_EXERCISE OBJECTIVE_
Which lines in the data contain the word "also"? Please copy each of them.
(MATERIAL PROVIDED begins)
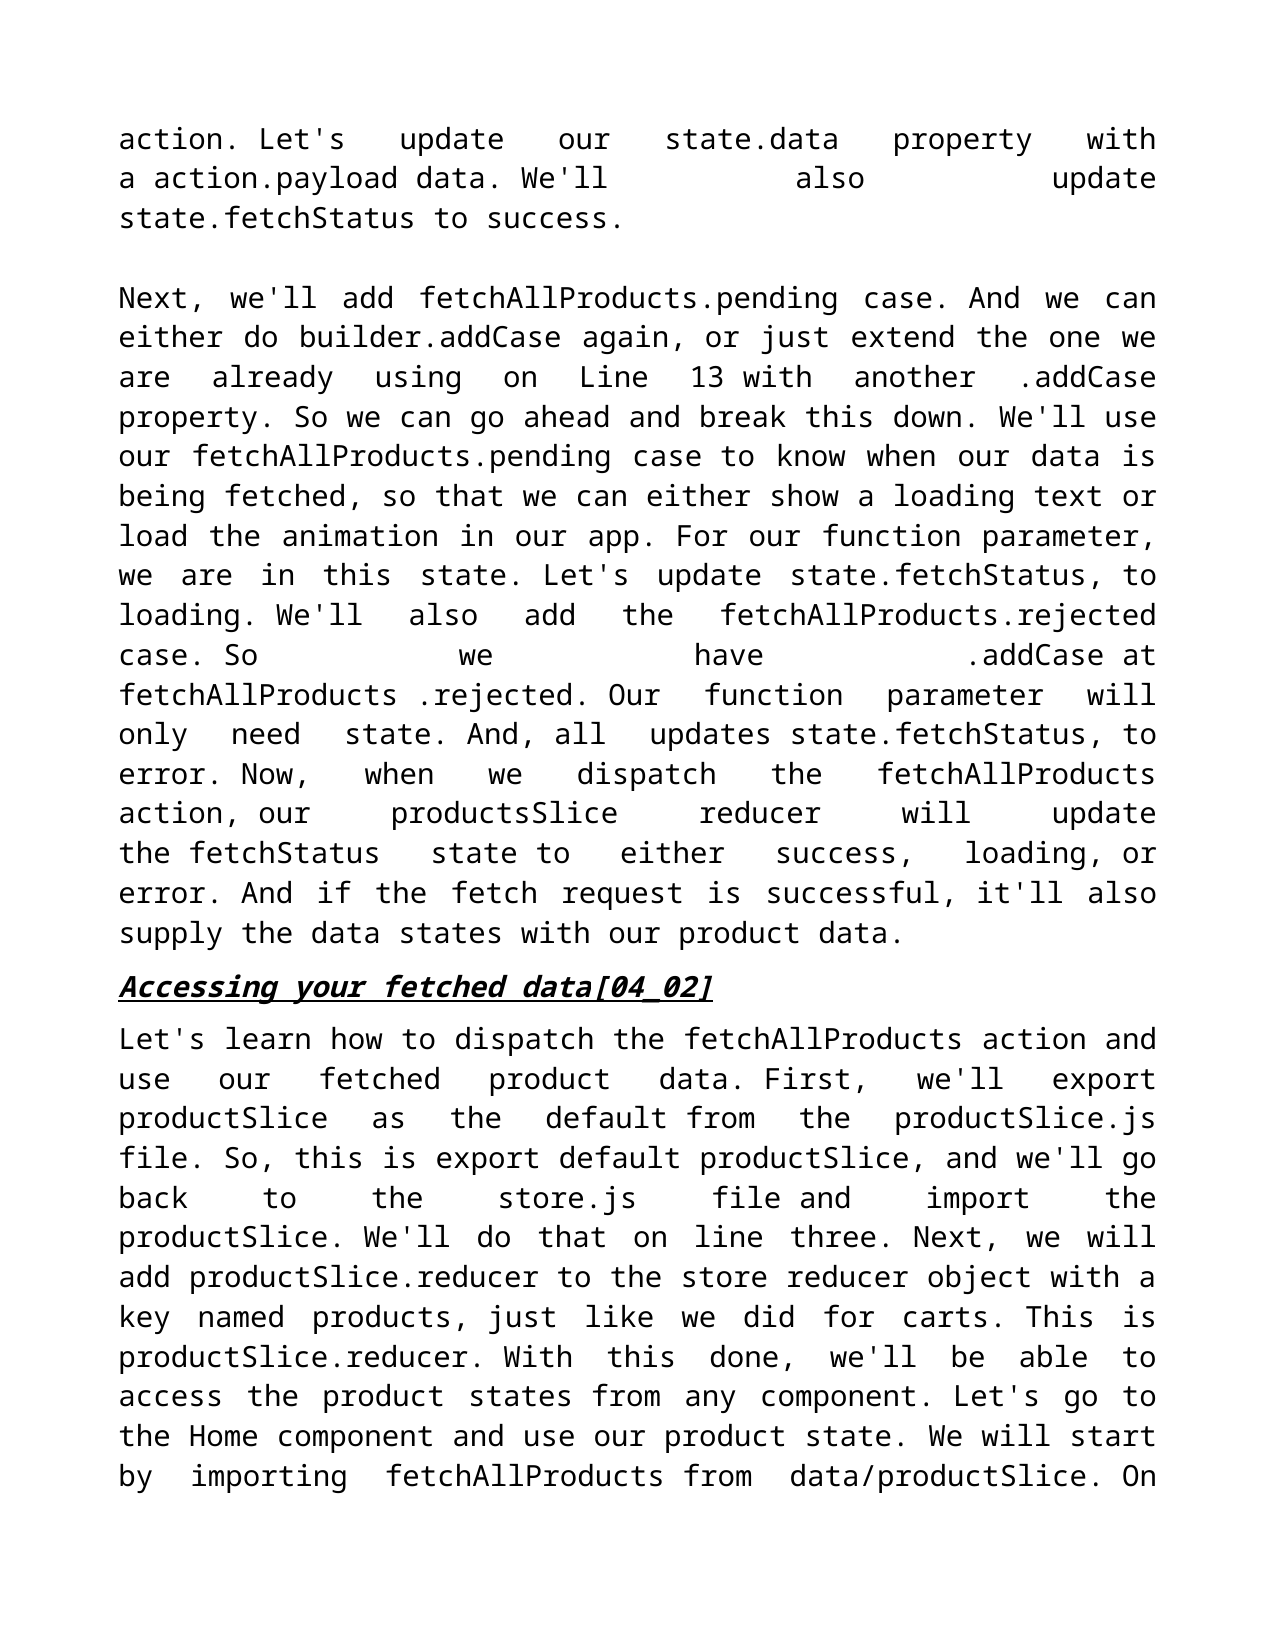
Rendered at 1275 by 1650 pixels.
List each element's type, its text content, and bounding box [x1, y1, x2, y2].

text Next, we'll add fetchAllProducts.pending case. And we can either do builder.addCase again, or just extend the one we are already using on Line 13 with another .addCase property. So we can go ahead and break this down. We'll use our fetchAllProducts.pending case to know when our data is being fetched, so that we can either show a loading text or load the animation in our app. For our function parameter, we are in this state. Let's update state.fetchStatus, to loading. We'll also add the fetchAllProducts.rejected case. So we have .addCase at fetchAllProducts .rejected. Our function parameter will only need state. And, all updates state.fetchStatus, to error. Now, when we dispatch the fetchAllProducts action, our productsSlice reducer will update the fetchStatus state to either success, loading, or error. And if the fetch request is successful, it'll also supply the data states with our product data. [118, 277, 1157, 952]
subtitle Accessing your fetched data[04_02] [118, 966, 1157, 1006]
text action. Let's update our state.data property with a action.payload data. We'll also update state.fetchStatus to success. [118, 118, 1157, 237]
text Let's learn how to dispatch the fetchAllProducts action and use our fetched product data. First, we'll export productSlice as the default from the productSlice.js file. So, this is export default productSlice, and we'll go back to the store.js file and import the productSlice. We'll do that on line three. Next, we will add productSlice.reducer to the store reducer object with a key named products, just like we did for carts. This is productSlice.reducer. With this done, we'll be able to access the product states from any component. Let's go to the Home component and use our product state. We will start by importing fetchAllProducts from data/productSlice. On [118, 1018, 1157, 1494]
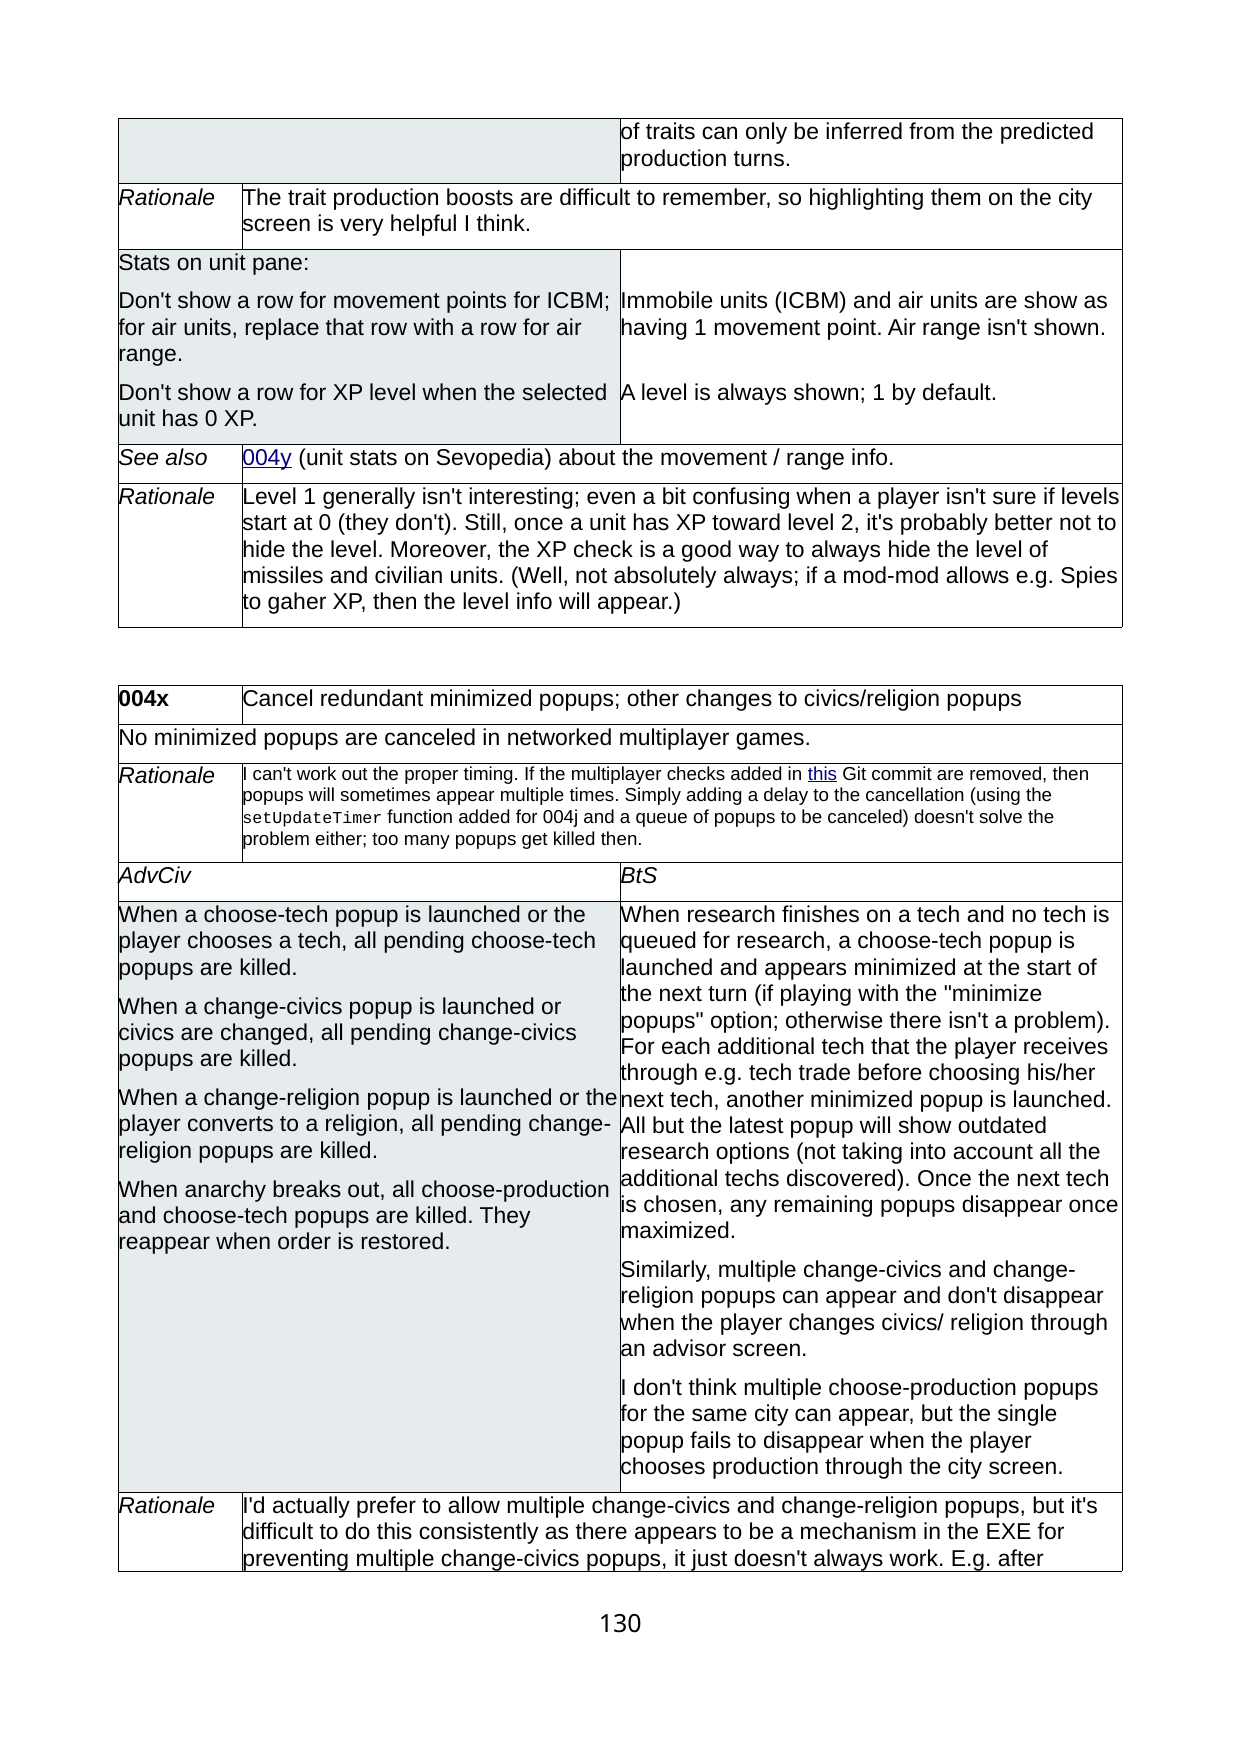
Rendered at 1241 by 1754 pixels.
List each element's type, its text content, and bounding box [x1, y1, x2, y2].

table_cell Rationale [119, 484, 242, 627]
table_cell No minimized popups are canceled in networked multiplayer games. [119, 725, 1122, 762]
table_cell 004y (unit stats on Sevopedia) about the movement / range info. [243, 445, 1122, 483]
table_cell Rationale [119, 184, 242, 248]
table_header 004x [119, 686, 242, 723]
table_cell [119, 119, 620, 183]
table_cell Rationale [119, 1493, 242, 1571]
table_cell Rationale [119, 764, 242, 862]
table_cell I can't work out the proper timing. If the multiplayer checks added in this Git commit are removed, then popups will sometimes appear multiple times. Simply adding a delay to the cancellation (using the setUpdateTimer function added for 004j and a queue of popups to be canceled) doesn't solve the problem either; too many popups get killed then. [243, 764, 1122, 862]
table_cell BtS [621, 863, 1122, 901]
table_cell See also [119, 445, 242, 483]
table_cell The trait production boosts are difficult to remember, so highlighting them on the city screen is very helpful I think. [243, 184, 1122, 248]
table_cell Stats on unit pane: Don't show a row for movement points for ICBM; for air units, replace that row with a row for air range. Don't show a row for XP level when the selected unit has 0 XP. [119, 250, 620, 444]
table_cell of traits can only be inferred from the predicted production turns. [621, 119, 1122, 183]
table_cell I'd actually prefer to allow multiple change-civics and change-religion popups, but it's difficult to do this consistently as there appears to be a mechanism in the EXE for preventing multiple change-civics popups, it just doesn't always work. E.g. after [243, 1493, 1122, 1571]
table_header Cancel redundant minimized popups; other changes to civics/religion popups [243, 686, 1122, 723]
table_cell When research finishes on a tech and no tech is queued for research, a choose-tech popup is launched and appears minimized at the start of the next turn (if playing with the "minimize popups" option; otherwise there isn't a problem). For each additional tech that the player receives through e.g. tech trade before choosing his/her next tech, another minimized popup is launched. All but the latest popup will show outdated research options (not taking into account all the additional techs discovered). Once the next tech is chosen, any remaining popups disappear once maximized. Similarly, multiple change-civics and change-religion popups can appear and don't disappear when the player changes civics/ religion through an advisor screen. I don't think multiple choose-production popups for the same city can appear, but the single popup fails to disappear when the player chooses production through the city screen. [621, 902, 1122, 1492]
table_cell Level 1 generally isn't interesting; even a bit confusing when a player isn't sure if levels start at 0 (they don't). Still, once a unit has XP toward level 2, it's probably better not to hide the level. Moreover, the XP check is a good way to always hide the level of missiles and civilian units. (Well, not absolutely always; if a mod-mod allows e.g. Spies to gaher XP, then the level info will appear.) [243, 484, 1122, 627]
table_cell When a choose-tech popup is launched or the player chooses a tech, all pending choose-tech popups are killed. When a change-civics popup is launched or civics are changed, all pending change-civics popups are killed. When a change-religion popup is launched or the player converts to a religion, all pending change-religion popups are killed. When anarchy breaks out, all choose-production and choose-tech popups are killed. They reappear when order is restored. [119, 902, 620, 1492]
table_cell AdvCiv [119, 863, 620, 901]
table_cell Immobile units (ICBM) and air units are show as having 1 movement point. Air range isn't shown. A level is always shown; 1 by default. [621, 250, 1122, 444]
(MATERIAL PROVIDED ends)
_RESPONSE TO THE EXERCISE_
text Next, we'll add fetchAllProducts.pending case. And we can either do builder.addCase again, or just extend the one we are already using on Line 13 with another .addCase property. So we can go ahead and break this down. We'll use our fetchAllProducts.pending case to know when our data is being fetched, so that we can either show a loading text or load the animation in our app. For our function parameter, we are in this state. Let's update state.fetchStatus, to loading. We'll also add the fetchAllProducts.rejected case. So we have .addCase at fetchAllProducts .rejected. Our function parameter will only need state. And, all updates state.fetchStatus, to error. Now, when we dispatch the fetchAllProducts action, our productsSlice reducer will update the fetchStatus state to either success, loading, or error. And if the fetch request is successful, it'll also supply the data states with our product data. [118, 277, 1157, 952]
text action. Let's update our state.data property with a action.payload data. We'll also update state.fetchStatus to success. [118, 118, 1157, 237]
table_cell See also [119, 445, 242, 483]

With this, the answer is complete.